Re-Humaning in the Era of Big Bros
On beach days, reclaiming our lives and non-compliance
Image and text by John Beske and Marla RoseIn these polarized times, one thing that unites us is the recognition of how absolutely, well, shitty, everything has become, at least in the United States. While enshittification was originally coined to describe the worsening quality of online platforms, I think it’s reasonable to just go ahead and carry over that to apply to other aspects of life, because why not? Enshittification is clearly afoot much more broadly and we shouldn’t be constrained by pedants, especially not with such a perfect word, especially not when there is so much of it. With the internet and daily life linking up inextricably in their commitment to degradation, there is no escape from it anyway.

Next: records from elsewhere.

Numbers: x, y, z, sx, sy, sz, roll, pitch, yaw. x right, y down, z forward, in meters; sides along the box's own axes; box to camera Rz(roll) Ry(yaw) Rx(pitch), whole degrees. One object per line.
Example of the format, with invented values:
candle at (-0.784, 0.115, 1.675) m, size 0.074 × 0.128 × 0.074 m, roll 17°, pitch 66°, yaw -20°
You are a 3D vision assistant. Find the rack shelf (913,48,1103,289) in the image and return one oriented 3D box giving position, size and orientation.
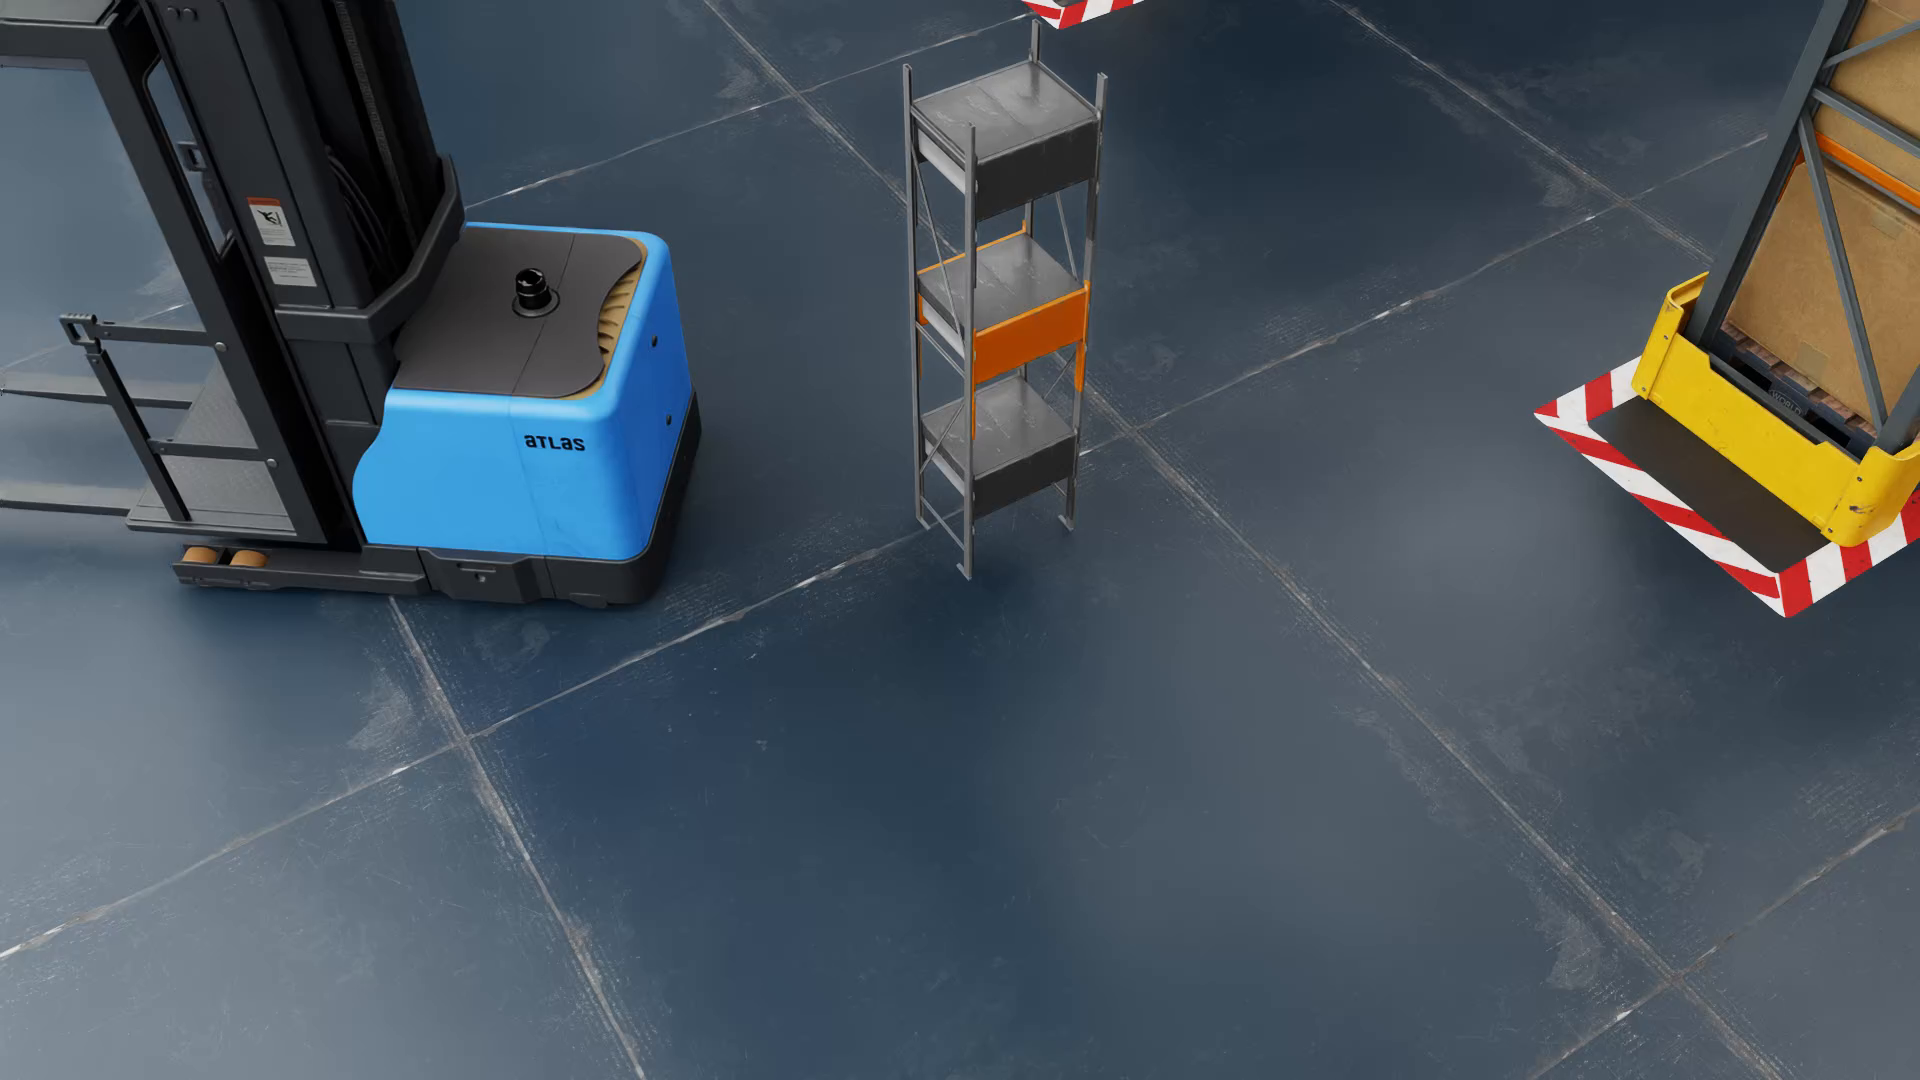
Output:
rack shelf at (0.140, -1.221, 5.457) m, size 0.480 × 0.518 × 0.431 m, roll -25°, pitch 53°, yaw -21°

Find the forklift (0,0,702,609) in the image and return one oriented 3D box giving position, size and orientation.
forklift at (-2.635, -1.168, 5.773) m, size 3.031 × 2.935 × 1.130 m, roll 4°, pitch 48°, yaw 3°

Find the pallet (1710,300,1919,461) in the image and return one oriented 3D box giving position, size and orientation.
pallet at (4.034, -0.837, 7.299) m, size 1.213 × 0.211 × 1.003 m, roll -25°, pitch 53°, yaw -21°

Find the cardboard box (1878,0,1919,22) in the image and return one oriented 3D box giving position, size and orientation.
cardboard box at (3.734, -1.929, 5.581) m, size 0.550 × 0.550 × 0.875 m, roll -25°, pitch 53°, yaw -21°

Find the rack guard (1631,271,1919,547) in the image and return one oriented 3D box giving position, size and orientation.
rack guard at (3.379, -0.555, 6.855) m, size 0.348 × 0.500 × 1.175 m, roll -25°, pitch 53°, yaw -21°

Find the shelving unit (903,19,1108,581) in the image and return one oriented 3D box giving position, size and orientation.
shelving unit at (0.140, -0.764, 5.970) m, size 0.503 × 2.100 × 0.431 m, roll -25°, pitch 53°, yaw -21°

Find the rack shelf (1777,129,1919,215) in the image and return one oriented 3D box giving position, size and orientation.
rack shelf at (5.091, -1.954, 6.909) m, size 4.000 × 0.370 × 1.077 m, roll -25°, pitch 53°, yaw -21°

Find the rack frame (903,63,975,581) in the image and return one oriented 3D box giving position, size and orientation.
rack frame at (-0.066, -0.667, 5.883) m, size 0.015 × 2.100 × 0.400 m, roll -25°, pitch 53°, yaw -21°

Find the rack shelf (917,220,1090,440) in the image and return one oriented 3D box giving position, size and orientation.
rack shelf at (0.140, -0.755, 5.980) m, size 0.480 × 0.518 × 0.431 m, roll -25°, pitch 53°, yaw -21°

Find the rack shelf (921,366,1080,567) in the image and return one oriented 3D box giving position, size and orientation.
rack shelf at (0.140, -0.290, 6.503) m, size 0.480 × 0.518 × 0.431 m, roll -25°, pitch 53°, yaw -21°

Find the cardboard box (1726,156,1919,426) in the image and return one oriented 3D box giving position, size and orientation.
cardboard box at (3.937, -1.141, 6.845) m, size 0.875 × 0.875 × 0.875 m, roll -25°, pitch 53°, yaw -21°

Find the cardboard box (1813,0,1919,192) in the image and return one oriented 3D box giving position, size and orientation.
cardboard box at (3.689, -1.623, 6.031) m, size 0.550 × 0.550 × 0.875 m, roll -25°, pitch 53°, yaw -21°

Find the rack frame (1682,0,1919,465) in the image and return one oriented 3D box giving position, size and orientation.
rack frame at (3.399, -1.396, 5.930) m, size 0.127 × 3.000 × 1.000 m, roll -25°, pitch 53°, yaw -21°

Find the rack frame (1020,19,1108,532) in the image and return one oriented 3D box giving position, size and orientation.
rack frame at (0.346, -0.861, 6.057) m, size 0.015 × 2.100 × 0.400 m, roll -25°, pitch 53°, yaw -21°

Image and text by John Beske and Marla RoseLiving under an emboldened, brakes-off authoritarian rule and all that encompasses, we can’t even properly dissociate online for a few minutes because the internet –obnoxious, frustrating, spring-loaded with ugly ads and clown cars of endlessly exiting scammers and trolls – is not much better than real life. It’s a mirror world of our lived shitty experience. With the phones and the tabs and the notifications and the alert noises and the backed up emails, is there any wonder why so many of us are distracted, irritated and out of sorts? Every day, we’re the main course in a tech-driven, data-hungry, algorithm-scanning feeding frenzy. The good news is that many of us who are paying attention are starting to cut or reduce ties to the products and bad actors that attach themselves to us and feed off us like unholy, insatiable leeches.
In a culture and economy of extraction – extracting priceless natural resources for cheap, disposable goods; extracting our data for the cost of use; extracting our phone numbers to track our spending habits in exchange for occasional discounts; extracting our attention through clickbait to make a website’s numbers look good for advertisers; a stranger on social media extracting our peace so we can seethe and feed an algorithm’s relentlessly ravenous engine – pouring into ourselves and starving the bros at least of us seems like a reasonable and worthwhile step toward freedom and empowerment.
Over the weekend, I stood with the soft sands of Lake Michigan squishing under my toes as the gentle waves rolled in and out, talking to my friend and my husband about this ever-worsening horror show we have found ourselves in as the process of enshittification lurches forward, lapping up our legs like this water we were standing in, but instead of life-sustaining freshwater, it’s crap. (Which it probably will be when all the Trump 2.0 environmental deregulations come into effect.)
Maybe this is how it happens, my friend said. Maybe this is how decline has always happened. We just continue living our lives, because what else can we do, as things circling the drain. The normalcy of enshittification is perhaps what is most eerie. It just gets accepted and digested into our quotidian normality. Each day is just a little worse than the previous.
As we stood there processing the heaviness in the midst of all this lighthearted beauty, I became anxious and protective. I didn’t want the long shadow of Big Bro to encroach upon my day at the beach.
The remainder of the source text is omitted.